## 데이터 불러오기 및 전처리


* 발주/입고 정보

In [8]:
# !pip install openpyxl

In [15]:
import pandas as pd
import numpy as np
import openpyxl

filename = '미트맵 입출고 내역(6-7월).xlsx'

# 엑셀 파일 읽어 오기
df = pd.read_excel(filename, sheet_name = '발주현황', engine='openpyxl', header = 1)

# 컬럼명 변환 (보관종류_고기부위)
df_col = df.iloc[0:2].fillna(method="ffill",axis = 1)
list_col = [str(df_col.values[0][i]) + '_'+ str(df_col.values[1][i]) for i in range(df_col.shape[1])]
list_col[3] = '구분' ## 중복 컬럼명 변경

# 불필요 데이터 제거 (공백칸, 누계. 일평균, 합계, 소계, 중량 등)
df = pd.DataFrame(data = df[8:].values, columns = list_col)
df = df.iloc[:,1:]
df.drop('구분_부위', axis = 1 , inplace = True)
df.drop('합계_부위', axis = 1 , inplace = True)
df.drop('냉장_소계', axis = 1 , inplace = True)

# 컬렴명 변환
df.rename(columns = {'일자_nan' : '일자'}, inplace = True)

# 데이터 변환
df['구분'] = df['구분'].apply(lambda x: x.split('(')[0])

# 결측치 채우기
df['일자'] = df['일자'].fillna(method = 'ffill', axis = 0)
df.fillna(0, inplace = True) # 발주/입고량 결측치 0으로 채우기

# 데이터 분류
oder_df = df[df['구분'] == '발주'].reset_index(drop = True)
receve_df = df[df['구분'] == '입고'].reset_index(drop = True)

* 출고 정보

In [16]:
filename = '미트맵 입출고 내역(6-7월).xlsx'

# 엑셀 파일 읽어 오기
df = pd.read_excel(filename, sheet_name = '출고현황', engine='openpyxl', header = 2, index_col=0).T.reset_index(drop = True)

# 컬럼명 변환 (보관종류_고기부위)
df_col = df.iloc[0:3].fillna(method="ffill",axis = 1)
list_col = [str(df_col.values[0][i]) + '_'+ str(df_col.values[1][i]) + '_'+ str(df_col.values[2][i]) for i in range(df_col.shape[1])]
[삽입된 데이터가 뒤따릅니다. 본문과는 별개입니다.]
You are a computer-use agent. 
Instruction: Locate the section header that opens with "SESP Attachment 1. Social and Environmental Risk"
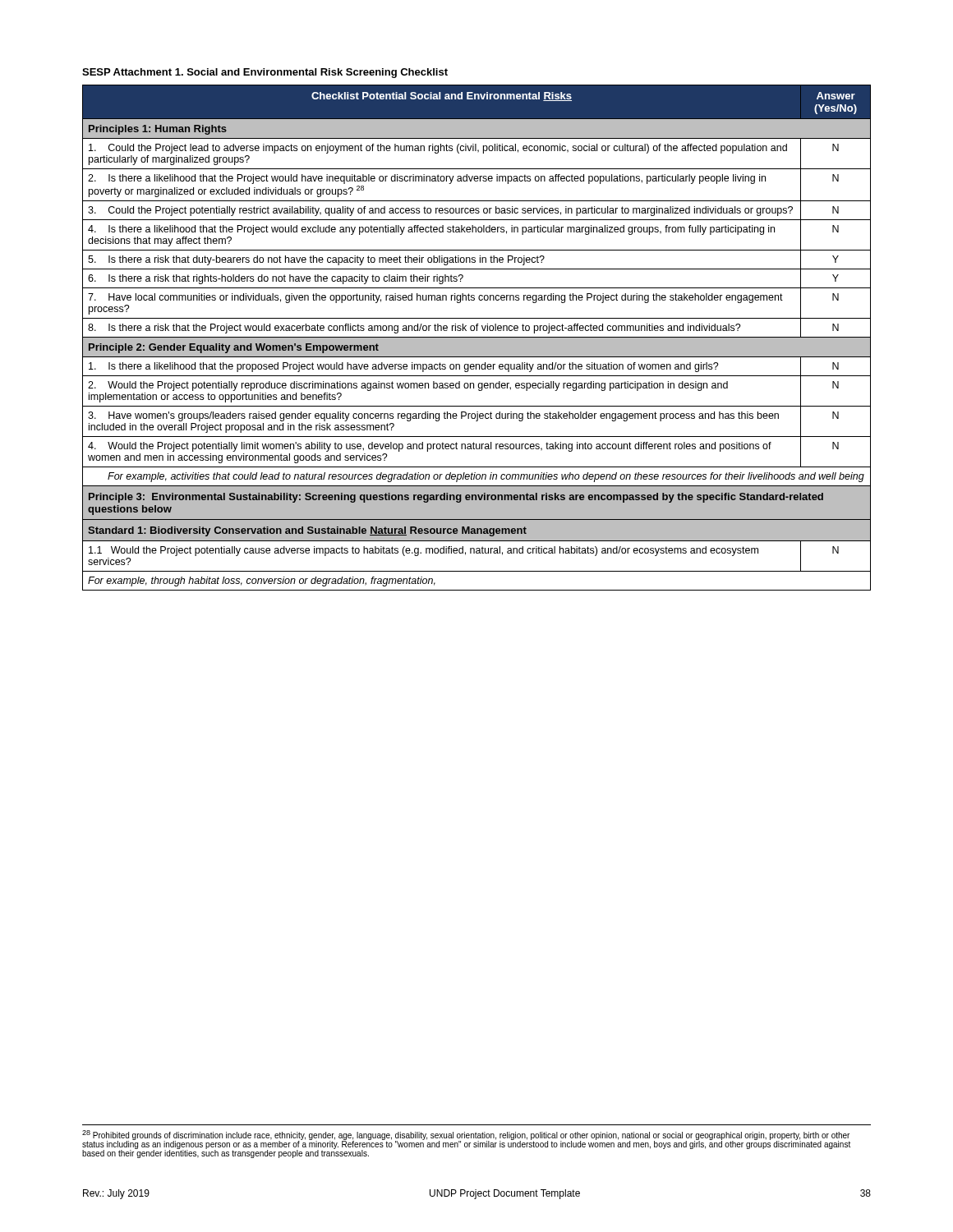265,72

# 불필요 데이터 제거 (공백칸, 누계. 일평균, 합계, 소계, 중량 등)
df = pd.DataFrame(data = df[3:].values, columns = list_col)
df = df.iloc[5:-1]

# 컬렴명 변환
df.rename(columns = {'[ 제품 ]_50_작업' : '일자'}, inplace = True)
df.rename(columns = {'구분_부위_제품명' : '구분'}, inplace = True)

# 결측치 채우기
df['일자'] = df['일자'].fillna(method = 'ffill', axis = 0)
df.fillna(0, inplace = True) # 팩수/중량 결측치 0으로 채우기

# 데이터 분류
pack_df = df[df['구분'] == '팩수'].reset_index(drop = True)
weight_df = df[df['구분'] == '중량'].reset_index(drop = True)

## 데이터 EDA

* 출고 현황 데이터 EDA
    - 중량 = 단량 * 팩수

* 발주 현황 데이터 EDA

In [17]:
## 고기 종류 27개
order_col = ['냉장_미박삼겹', '냉장_삼겹', '냉장_목심', '냉장_뒷다리', '냉장_뒷사태', '냉장_앞다리', '냉장_등심꽃살', 
             '냉장_등심', '냉장_등심덧살', '냉장_등갈비', '냉장_갈비', '냉장_항정살', '냉장_안심', '냉장_갈매기살', 
             '냉장_토시살', '냉장_도깨비살', '냉동_소계', '냉동_뒷다리', '냉동_삼겹', '냉동_앞다리', '냉동_등심', 
             '냉동_목심', '냉동_갈비', '냉동_등뼈/찜용', '냉동_삼겹(자향)', '냉동_목심(자향_', '냉동_앞다리(자향)']
print(f"발주 제품 항목 : {len(order_col)}")
print()

발주 제품 항목 : 27



## Forecast Test

In [18]:
# temp_list =[x for x in list(weight_df) if "냉장_삼겹" in x]
# temp_df.loc[:,'합계'] = temp_df.sum(axis = 1)

temp_list = ['냉장_삼겹_소계']
temp_list.insert(0, '일자')
temp_df = weight_df[temp_list]
temp_df['item_id'] = '냉장_삼겹'
temp_df.columns = ['timestamp', 'demand', 'item_id']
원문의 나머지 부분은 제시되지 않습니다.